# Exercise description
Word for word, restate every line from the one with "center: [x, y, z]" through the end of the records below, both included, and add nothing.

# Data for the task
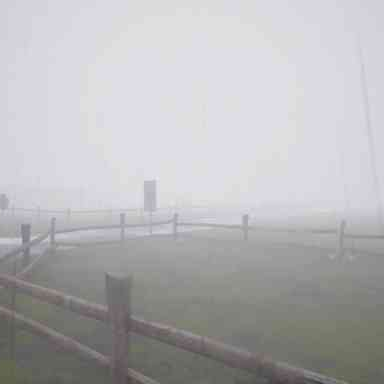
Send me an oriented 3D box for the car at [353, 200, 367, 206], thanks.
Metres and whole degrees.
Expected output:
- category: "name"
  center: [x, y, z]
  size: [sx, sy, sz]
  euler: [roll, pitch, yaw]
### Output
- category: "car"
  center: [42.570, 2.791, 84.961]
  size: [2.128, 1.511, 4.902]
  euler: [-1, -1, 35]

# Solution
  center: [x, y, z]
  size: [sx, sy, sz]
  euler: [roll, pitch, yaw]
### Output
- category: "car"
  center: [42.570, 2.791, 84.961]
  size: [2.128, 1.511, 4.902]
  euler: [-1, -1, 35]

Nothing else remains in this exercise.